### Entries provided

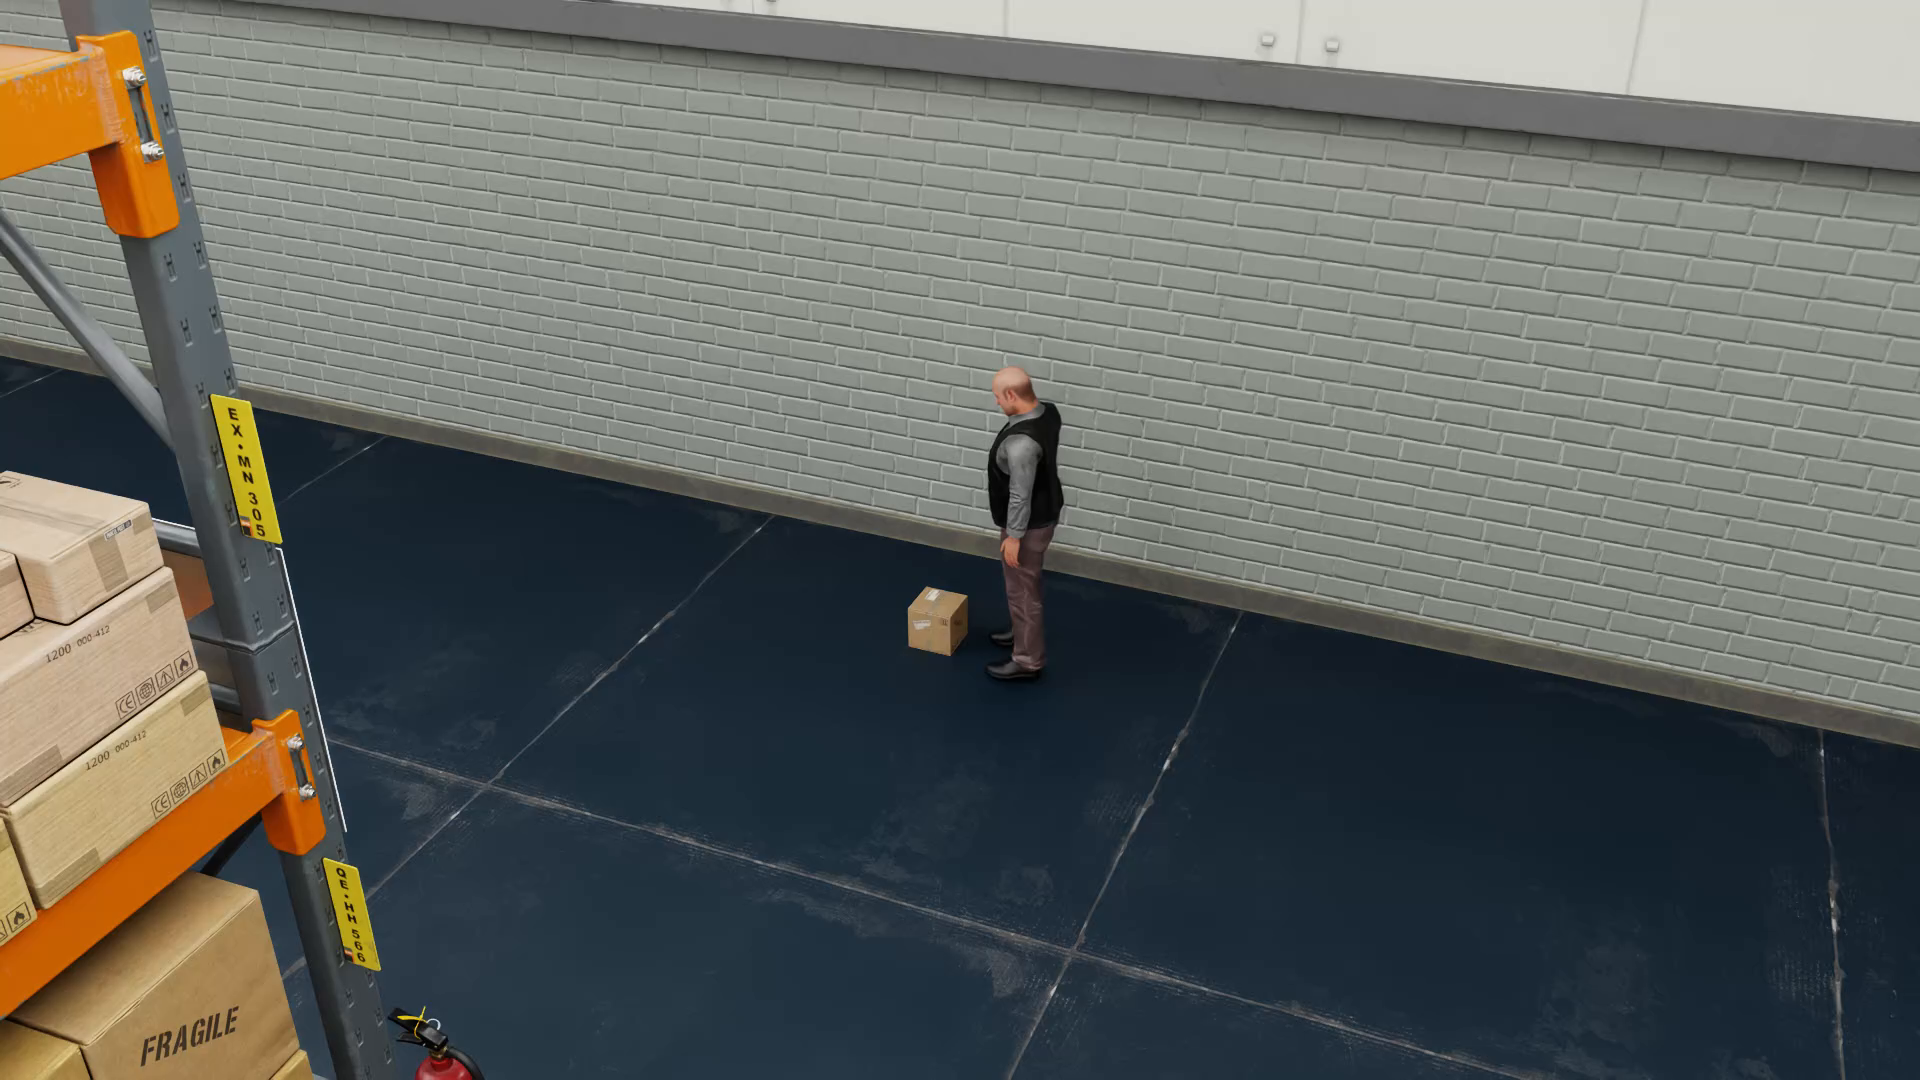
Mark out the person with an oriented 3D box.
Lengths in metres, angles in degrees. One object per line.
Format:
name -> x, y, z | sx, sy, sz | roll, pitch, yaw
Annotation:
person -> 0.313, -0.095, 8.563 | 0.409, 1.705, 0.572 | 8, 30, 14
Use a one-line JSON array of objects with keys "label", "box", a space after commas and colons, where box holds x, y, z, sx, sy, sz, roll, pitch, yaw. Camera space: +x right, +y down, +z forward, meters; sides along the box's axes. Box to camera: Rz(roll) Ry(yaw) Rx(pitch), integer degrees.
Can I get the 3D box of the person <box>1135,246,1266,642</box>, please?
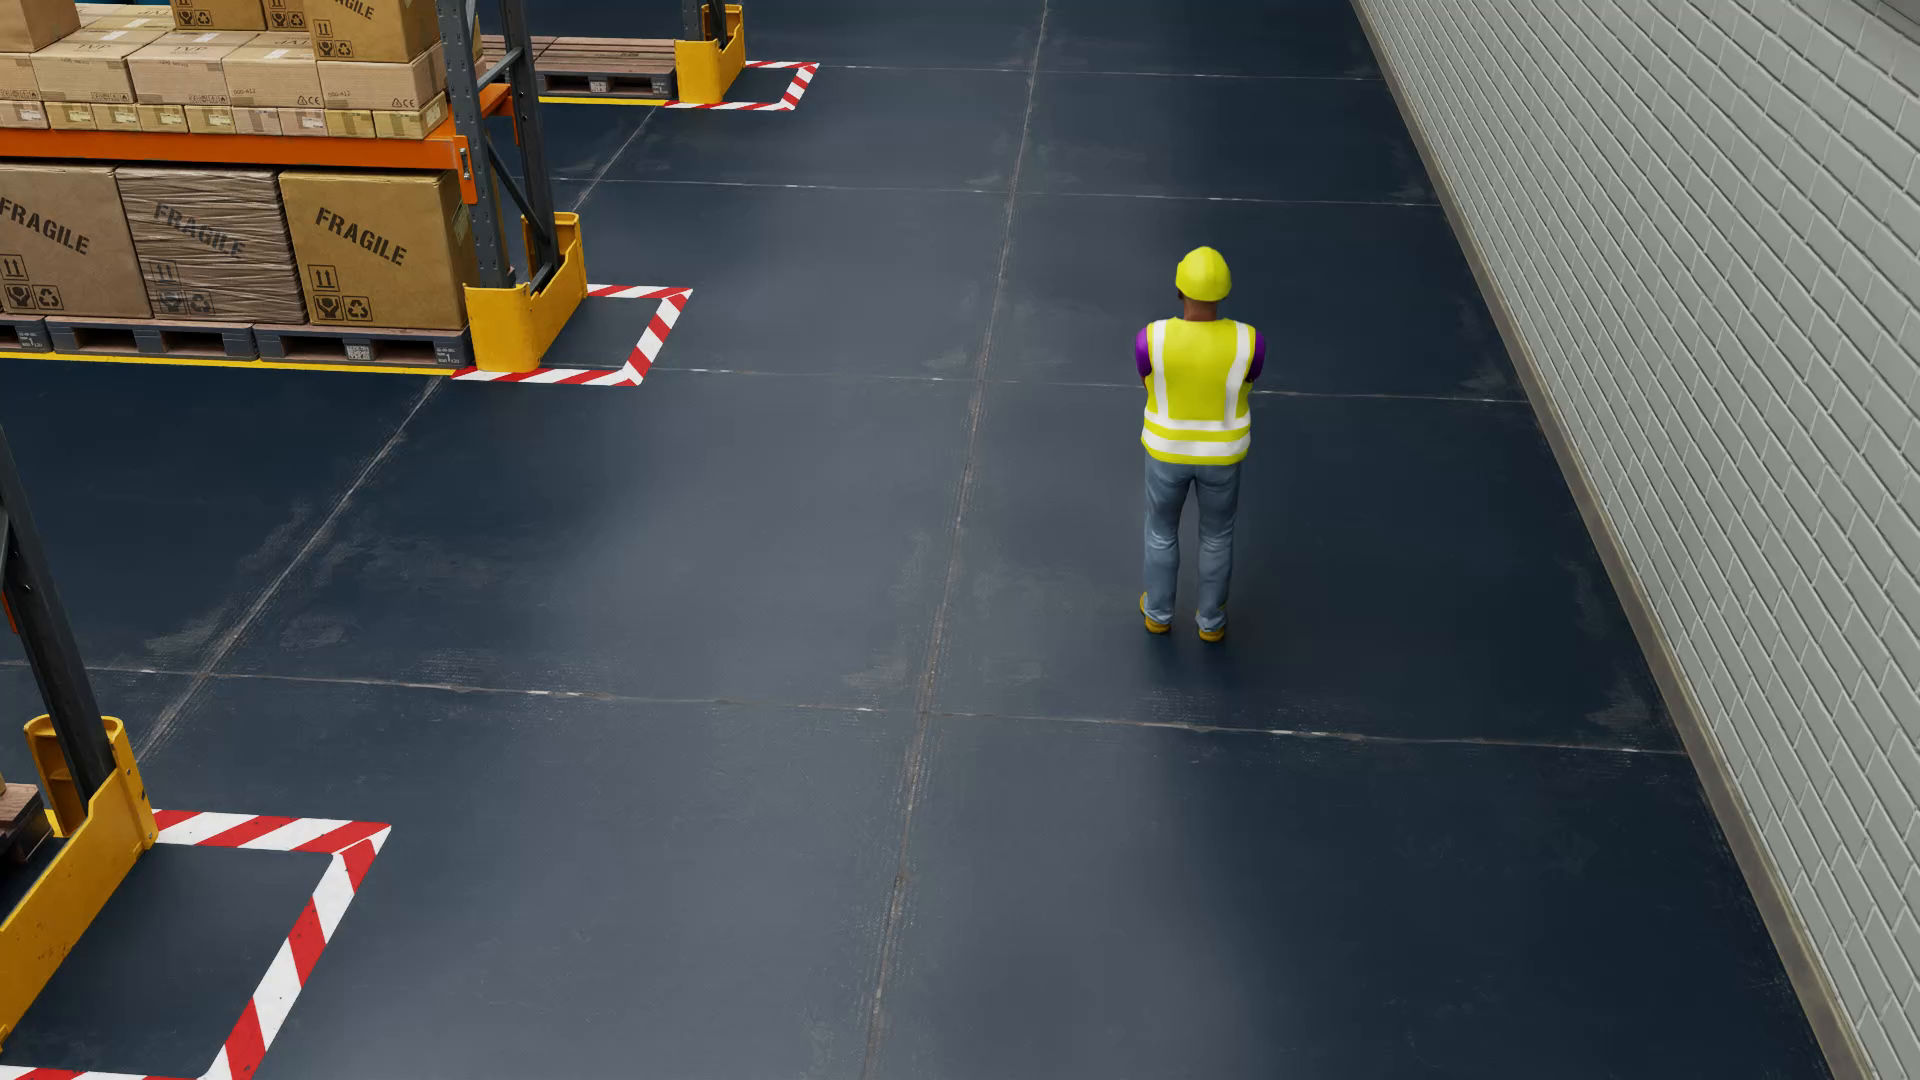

### To do
What you should produce is an exact copy of the records, with the pictures left out.

### Result for this task
Mark out the person with an oriented 3D box.
Lengths in metres, angles in degrees. One object per line.
Format:
name -> x, y, z | sx, sy, sz | roll, pitch, yaw
Annotation:
person -> 0.313, -0.095, 8.563 | 0.409, 1.705, 0.572 | 8, 30, 14
Use a one-line JSON array of objects with keys "label", "box", a space after commas and colons, where box holds x, y, z, sx, sy, sz, roll, pitch, yaw. Camera space: +x right, +y down, +z forward, meters; sides along the box's axes. Box to camera: Rz(roll) Ry(yaw) Rx(pitch), integer degrees.
Can I get the 3D box of the person <box>1135,246,1266,642</box>, please?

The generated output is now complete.